Dataset entries:

== Segment start ==

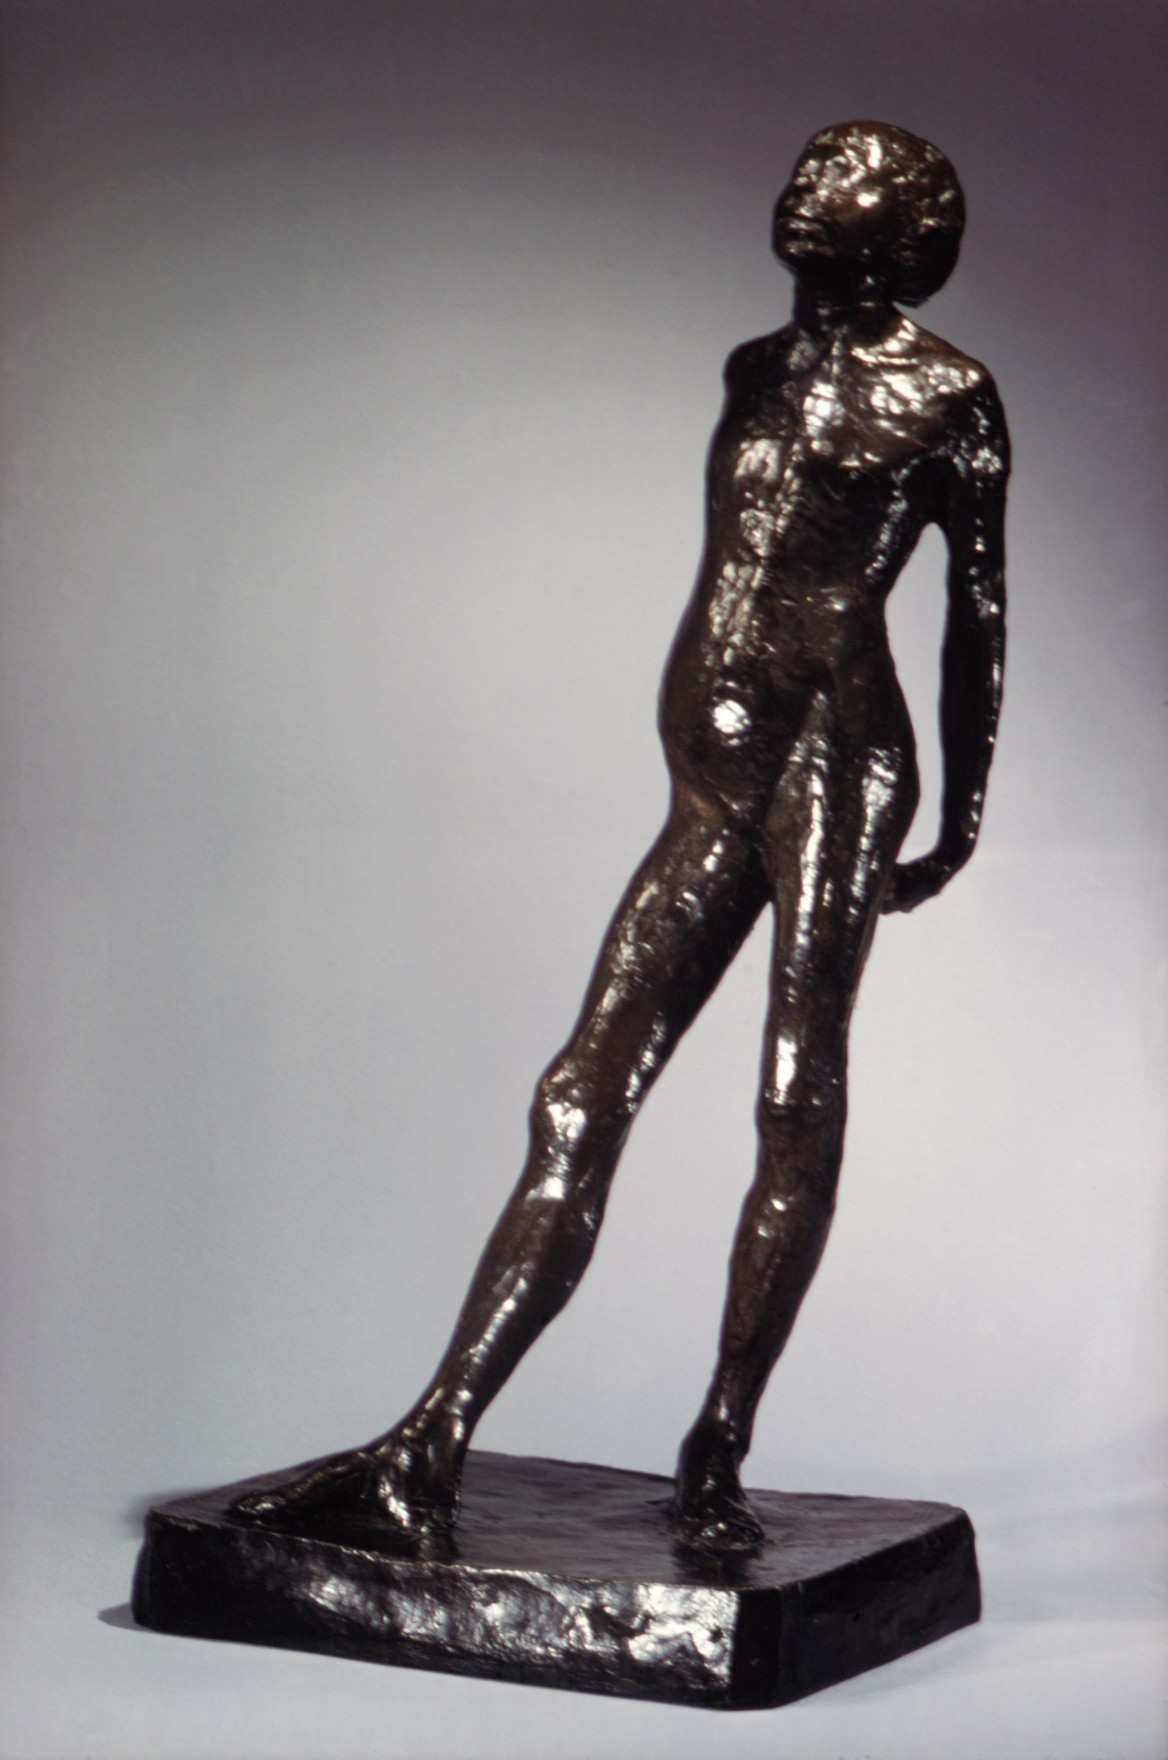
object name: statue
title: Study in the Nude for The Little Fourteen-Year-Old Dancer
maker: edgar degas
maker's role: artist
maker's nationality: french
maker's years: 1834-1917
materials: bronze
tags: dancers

== Segment end ==
== Segment start ==

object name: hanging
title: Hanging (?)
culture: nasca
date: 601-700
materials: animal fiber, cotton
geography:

== Segment end ==
== Segment start ==

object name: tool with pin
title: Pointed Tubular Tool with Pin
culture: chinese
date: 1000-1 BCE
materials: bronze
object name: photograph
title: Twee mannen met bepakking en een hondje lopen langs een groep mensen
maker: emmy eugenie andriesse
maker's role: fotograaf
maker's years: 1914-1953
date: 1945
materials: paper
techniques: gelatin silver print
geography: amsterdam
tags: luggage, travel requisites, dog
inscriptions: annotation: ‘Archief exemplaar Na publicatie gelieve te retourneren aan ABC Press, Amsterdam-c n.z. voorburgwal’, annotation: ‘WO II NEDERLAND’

== Segment end ==

> **Exercise objective**: Produce only the lines from the line containing "object name: statue" through the line containing "tags: dancers", inclusive of both, exactly as they stand in the entries above.

> **Your solution**:
object name: statue
title: Study in the Nude for The Little Fourteen-Year-Old Dancer
maker: edgar degas
maker's role: artist
maker's nationality: french
maker's years: 1834-1917
materials: bronze
tags: dancers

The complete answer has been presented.